■ **EXERCISE REQUIREMENTS**: Copy from the first line below down to and including the line with "Document page, 1654x1241 pixels.". Skip the pictures.

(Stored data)
====
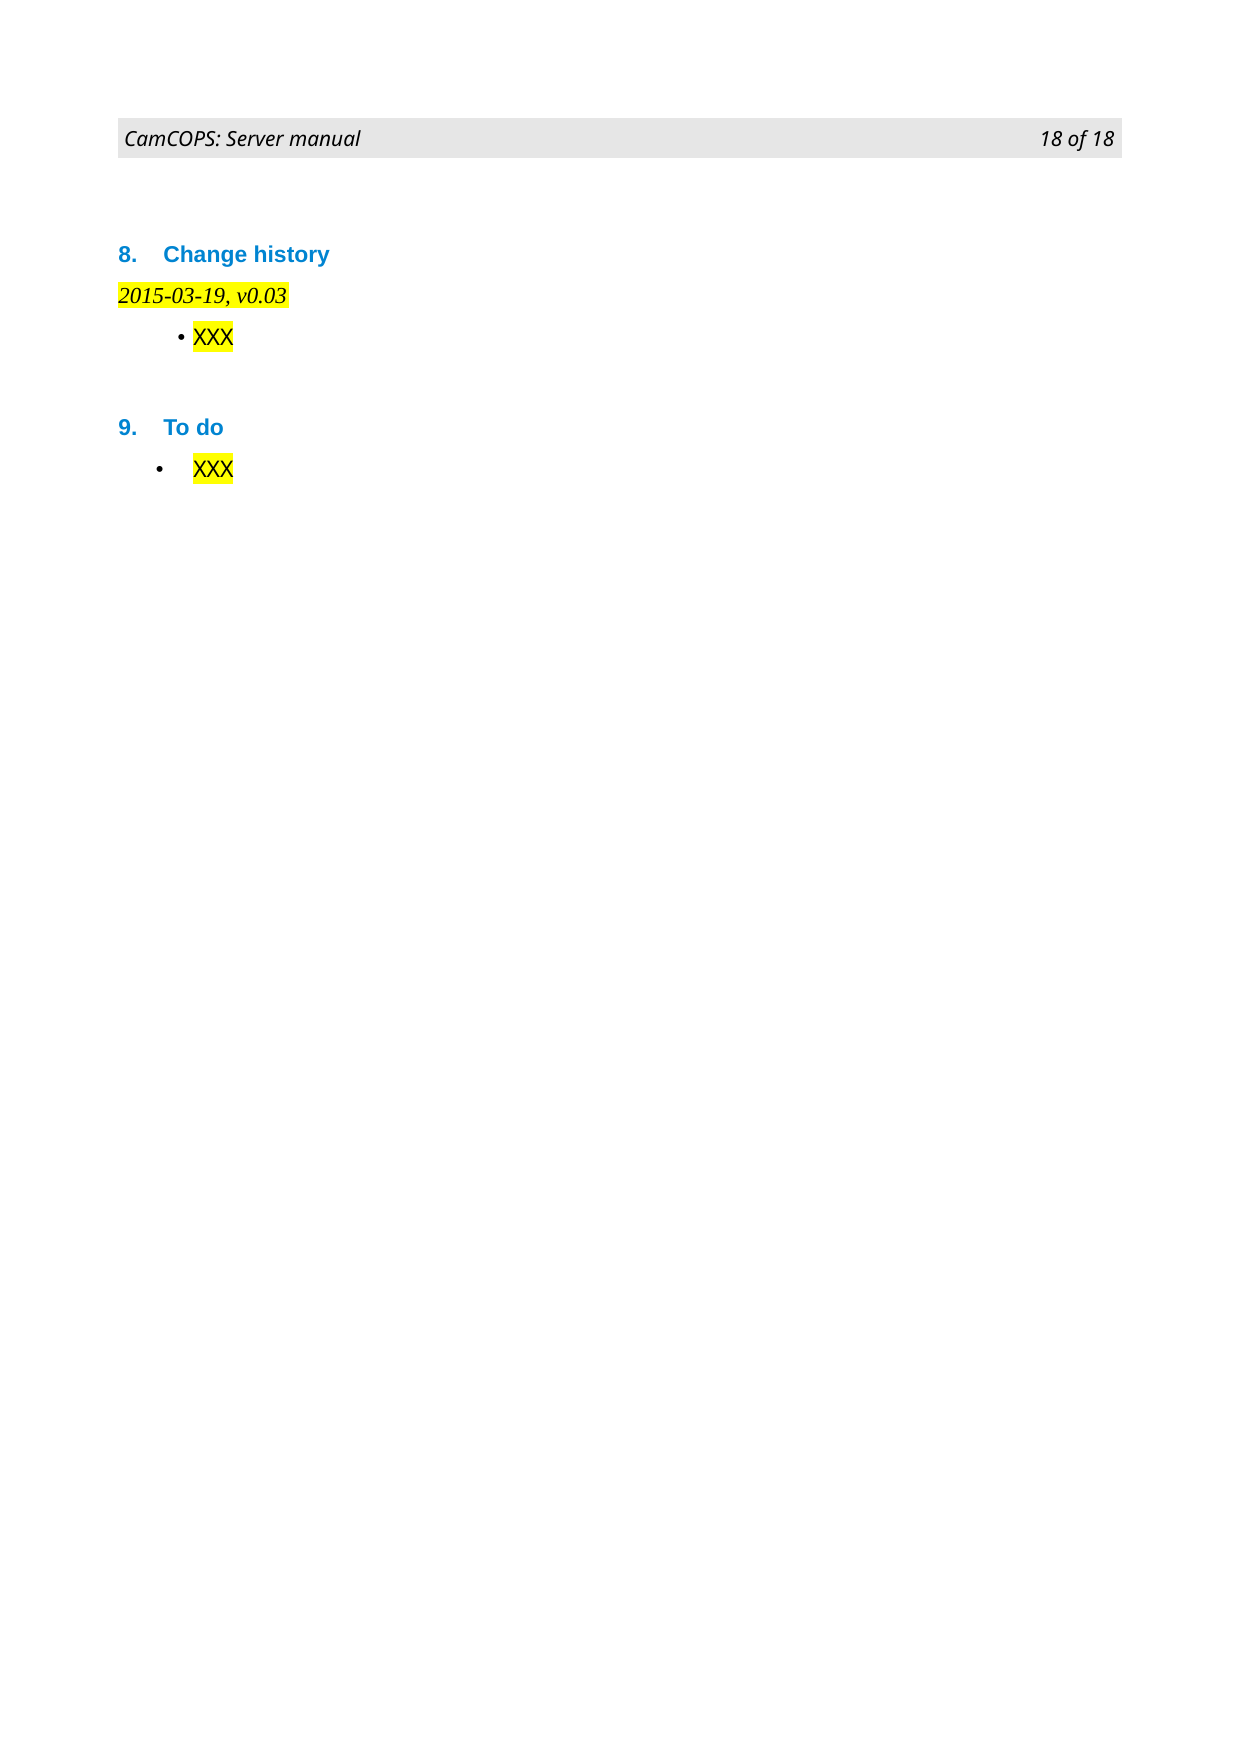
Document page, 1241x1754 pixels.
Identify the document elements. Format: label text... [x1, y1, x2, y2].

subtitle Change history [118, 241, 1122, 267]
subtitle To do [118, 414, 1122, 441]
list XXX [177, 321, 1122, 352]
subtitle 2015-03-19, v0.03 [118, 282, 1122, 308]
list XXX [156, 453, 1122, 484]
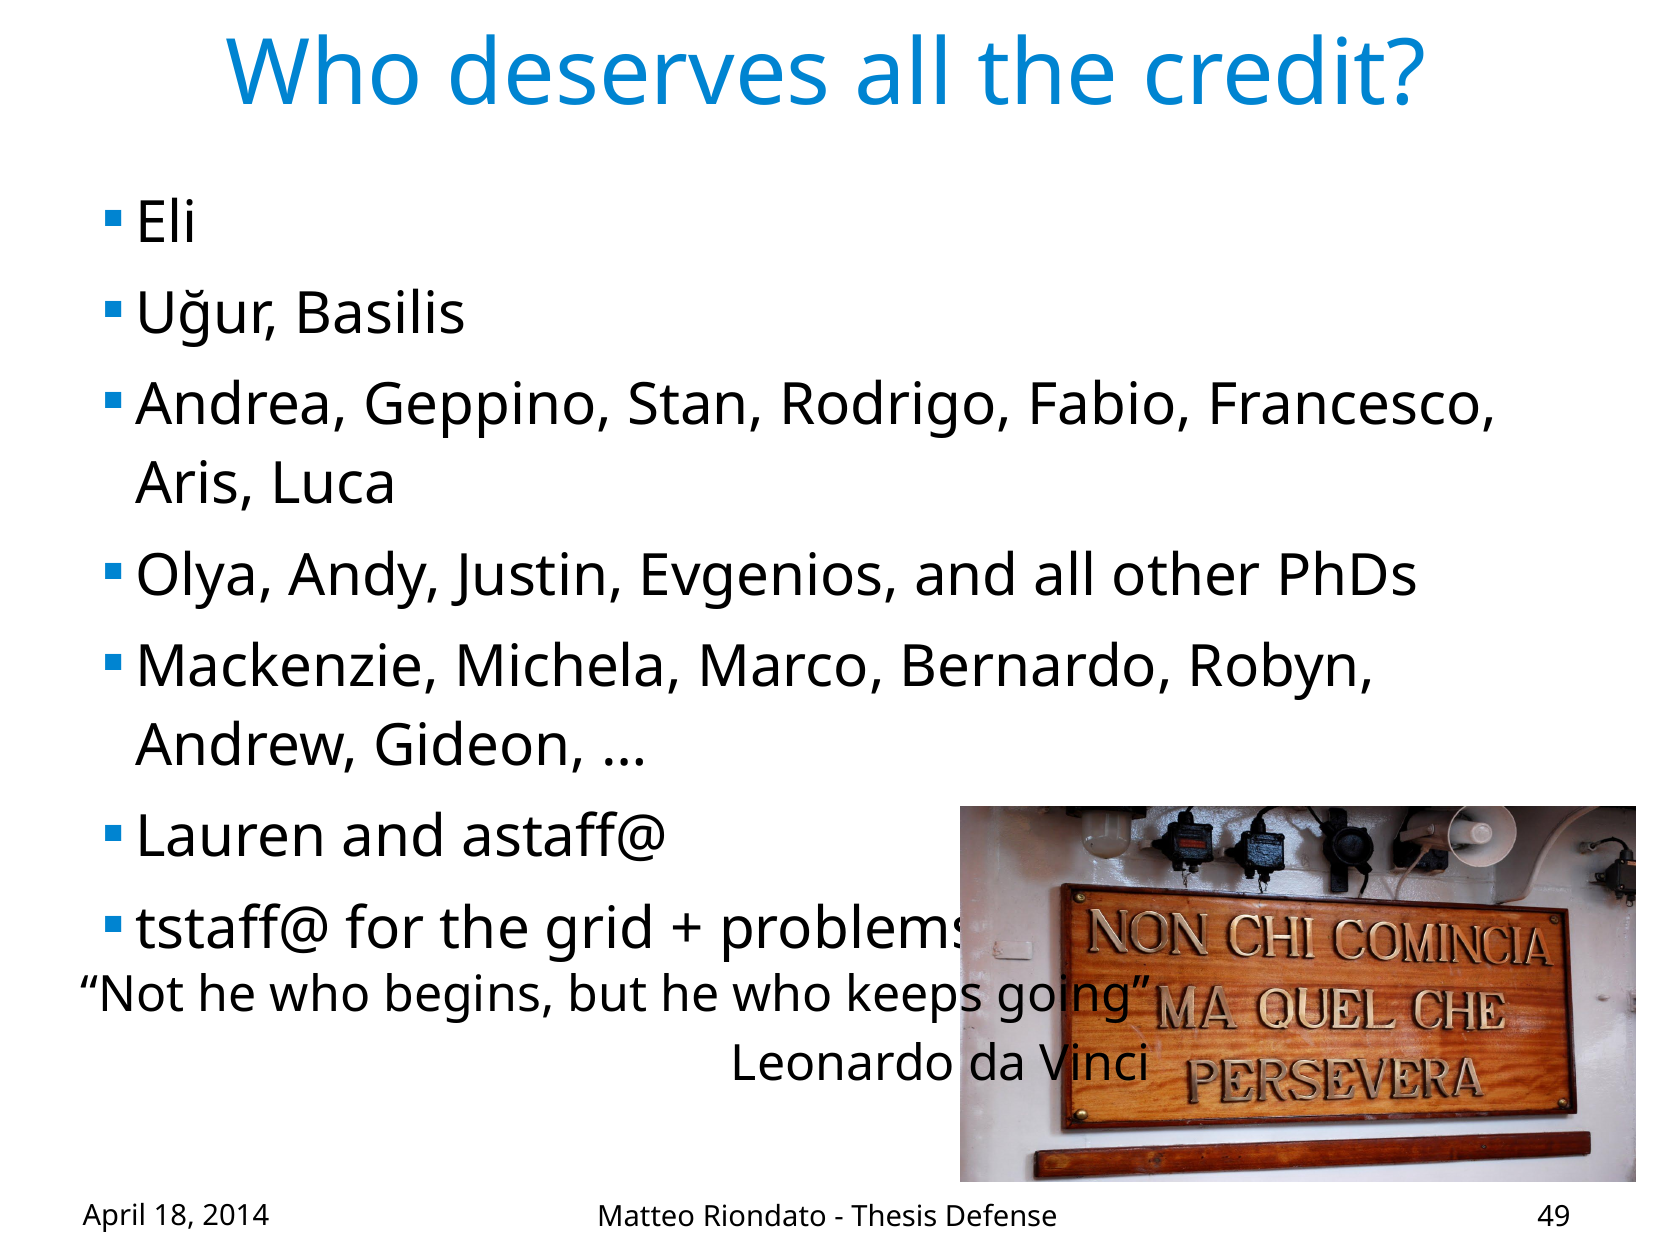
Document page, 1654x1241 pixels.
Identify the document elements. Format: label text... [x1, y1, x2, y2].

picture [960, 806, 1636, 1182]
text_box “Not he who begins, but he who keeps going” Leonardo da Vinci [52, 951, 930, 1078]
list Eli Uğur, Basilis Andrea, Geppino, Stan, Rodrigo, Fabio, Francesco, Aris, Luca Olya, Andy, Justin, Evgenios, and all other PhDs Mackenzie, Michela, Marco, Bernardo, Robyn, Andrew, Gideon, … Lauren and astaff@ tstaff@ for the grid + problems@ [82, 180, 1571, 1186]
title Who deserves all the credit? [82, 0, 1571, 139]
====
■ **WRITTEN SOLUTION**:
Document page, 1241x1754 pixels.
Identify the document elements. Format: label text... [x1, y1, x2, y2].

subtitle Change history [118, 241, 1122, 267]
subtitle To do [118, 414, 1122, 441]
list XXX [177, 321, 1122, 352]
subtitle 2015-03-19, v0.03 [118, 282, 1122, 308]
list XXX [156, 453, 1122, 484]
Document page, 1654x1241 pixels.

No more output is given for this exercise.